Il est hasardeux d’affirmer que nous vivons un moment inédit. Qu’il le soit pour nous, enfants de la paix et de la santé pour tous est certain, mais à l’échelle des temps, les grandes épidémies ont prélevé leur dû et il est utile d’en rappeler le mécanisme et les conséquences.
La mondialisation n’est pas un fait nouveau. La grande peste a pris naissance en Asie et s’est propagée par les voies navigables, puis à l’intérieur des terres à la vitesse de l’homme qui marche. L’avion est un accélérateur mais le processus est identique. La planète habitée entière a été touchée, à l’exception probable des Amériques pour des raisons évidentes.
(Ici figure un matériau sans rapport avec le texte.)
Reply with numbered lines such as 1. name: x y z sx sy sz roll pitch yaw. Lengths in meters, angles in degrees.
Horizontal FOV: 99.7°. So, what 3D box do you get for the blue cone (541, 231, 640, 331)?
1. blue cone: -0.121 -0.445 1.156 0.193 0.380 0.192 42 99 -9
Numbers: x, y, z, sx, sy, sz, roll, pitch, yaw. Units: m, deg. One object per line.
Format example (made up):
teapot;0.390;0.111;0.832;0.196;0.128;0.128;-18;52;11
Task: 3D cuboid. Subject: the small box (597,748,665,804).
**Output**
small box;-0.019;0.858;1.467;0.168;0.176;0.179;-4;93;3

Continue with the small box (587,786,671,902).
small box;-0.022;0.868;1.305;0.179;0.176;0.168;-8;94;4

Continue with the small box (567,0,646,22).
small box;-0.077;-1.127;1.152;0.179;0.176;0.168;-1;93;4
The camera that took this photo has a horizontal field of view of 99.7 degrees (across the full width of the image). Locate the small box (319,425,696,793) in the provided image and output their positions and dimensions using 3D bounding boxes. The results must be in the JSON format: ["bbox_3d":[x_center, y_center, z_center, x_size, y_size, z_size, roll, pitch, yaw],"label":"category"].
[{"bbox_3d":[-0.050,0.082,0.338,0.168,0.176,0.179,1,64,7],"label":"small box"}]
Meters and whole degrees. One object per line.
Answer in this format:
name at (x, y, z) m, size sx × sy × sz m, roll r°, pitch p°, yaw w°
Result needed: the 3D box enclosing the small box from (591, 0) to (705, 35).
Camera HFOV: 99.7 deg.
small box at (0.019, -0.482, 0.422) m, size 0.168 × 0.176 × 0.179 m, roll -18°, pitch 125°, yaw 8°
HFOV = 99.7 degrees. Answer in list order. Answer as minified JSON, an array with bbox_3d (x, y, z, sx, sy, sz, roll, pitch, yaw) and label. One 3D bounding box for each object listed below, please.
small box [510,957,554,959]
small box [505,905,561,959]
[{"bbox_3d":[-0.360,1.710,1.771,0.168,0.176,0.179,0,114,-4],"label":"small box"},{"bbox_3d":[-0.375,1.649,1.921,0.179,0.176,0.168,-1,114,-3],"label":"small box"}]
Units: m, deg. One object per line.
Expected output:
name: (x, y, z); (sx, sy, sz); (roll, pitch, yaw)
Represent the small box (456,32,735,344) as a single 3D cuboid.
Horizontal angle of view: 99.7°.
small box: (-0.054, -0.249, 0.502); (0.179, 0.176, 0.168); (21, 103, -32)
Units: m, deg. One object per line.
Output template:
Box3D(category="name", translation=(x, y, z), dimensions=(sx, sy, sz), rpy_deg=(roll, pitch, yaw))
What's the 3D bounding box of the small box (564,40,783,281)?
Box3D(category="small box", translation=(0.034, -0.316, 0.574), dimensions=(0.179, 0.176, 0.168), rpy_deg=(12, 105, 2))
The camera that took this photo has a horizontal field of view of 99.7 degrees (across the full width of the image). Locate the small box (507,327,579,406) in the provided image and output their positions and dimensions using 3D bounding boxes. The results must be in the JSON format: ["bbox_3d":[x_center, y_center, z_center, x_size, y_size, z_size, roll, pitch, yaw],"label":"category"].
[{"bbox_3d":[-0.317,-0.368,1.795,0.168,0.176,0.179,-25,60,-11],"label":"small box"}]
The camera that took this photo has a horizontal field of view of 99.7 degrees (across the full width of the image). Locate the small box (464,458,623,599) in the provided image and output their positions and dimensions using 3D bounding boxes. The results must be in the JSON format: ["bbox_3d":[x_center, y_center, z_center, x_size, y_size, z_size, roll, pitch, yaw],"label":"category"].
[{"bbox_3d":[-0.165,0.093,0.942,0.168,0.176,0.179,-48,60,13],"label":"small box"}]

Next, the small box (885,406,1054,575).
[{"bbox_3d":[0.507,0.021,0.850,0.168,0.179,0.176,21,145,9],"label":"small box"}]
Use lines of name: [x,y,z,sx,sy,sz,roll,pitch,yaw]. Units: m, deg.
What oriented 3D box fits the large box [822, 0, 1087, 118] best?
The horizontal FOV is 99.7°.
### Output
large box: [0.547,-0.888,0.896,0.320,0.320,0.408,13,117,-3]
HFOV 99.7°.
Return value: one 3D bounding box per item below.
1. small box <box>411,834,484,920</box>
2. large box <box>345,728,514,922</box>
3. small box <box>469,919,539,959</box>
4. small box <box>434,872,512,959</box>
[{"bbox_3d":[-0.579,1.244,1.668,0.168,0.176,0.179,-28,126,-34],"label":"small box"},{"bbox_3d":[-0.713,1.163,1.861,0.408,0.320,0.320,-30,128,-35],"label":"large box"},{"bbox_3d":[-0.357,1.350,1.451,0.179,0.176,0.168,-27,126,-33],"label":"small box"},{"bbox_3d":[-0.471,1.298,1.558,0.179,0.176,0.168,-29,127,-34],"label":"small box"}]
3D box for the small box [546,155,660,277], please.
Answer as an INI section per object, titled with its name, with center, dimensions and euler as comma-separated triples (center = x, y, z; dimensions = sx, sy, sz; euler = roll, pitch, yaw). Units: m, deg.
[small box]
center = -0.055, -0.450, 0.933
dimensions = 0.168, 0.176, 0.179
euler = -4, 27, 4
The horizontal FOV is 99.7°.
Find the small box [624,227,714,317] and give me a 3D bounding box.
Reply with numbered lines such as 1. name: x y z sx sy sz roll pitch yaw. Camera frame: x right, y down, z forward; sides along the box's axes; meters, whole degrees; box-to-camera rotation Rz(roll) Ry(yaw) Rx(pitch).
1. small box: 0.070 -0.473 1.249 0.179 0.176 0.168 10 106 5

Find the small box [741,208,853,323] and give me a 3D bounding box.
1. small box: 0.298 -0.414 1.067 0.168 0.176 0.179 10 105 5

Ces dernières, jouissant de deux océans en guise de « geste barrière » ont payé le prix fort à la survenance des conquistadors qui, plus que leurs armes, ont apporté leurs germes.
Lors de la grande peste, l’économie s’est effondrée et les pertes de population ont été massives, de l’ordre de 40% pouvant monter localement à près de 80%. A la différence de ce que nous connaissons aujourd’hui, les forces vives, les agriculteurs, étaient visés comme les autres et il n’était pas question de bénéficier de la continuité alimentaire par la préservation de la production agricole et de la chaîne logistique ou de la continuité pédagogique dans les écoles grâce à internet.
La contraction de la population a augmenté la richesse par tête et les décennies qui ont suivi le traumatisme ont été les plus prospères du Moyen-Age, malgré les résurgences de la pandémie. Aujourd’hui, on dirait que la disparition de la population âgée rendrait inutile la réforme des retraites. Mais ce serait cynique.
Il est donc possible de regarder vers le passé pour envisager l’avenir et se dire que celui-ci n’est pas nécessairement noir et que la démondialisation et la décroissance ne sont pas inéluctables.
Pour autant, sommes-nous condamnés à l’immobilisme et à attendre le reflux de la vague ? Sans doute pas.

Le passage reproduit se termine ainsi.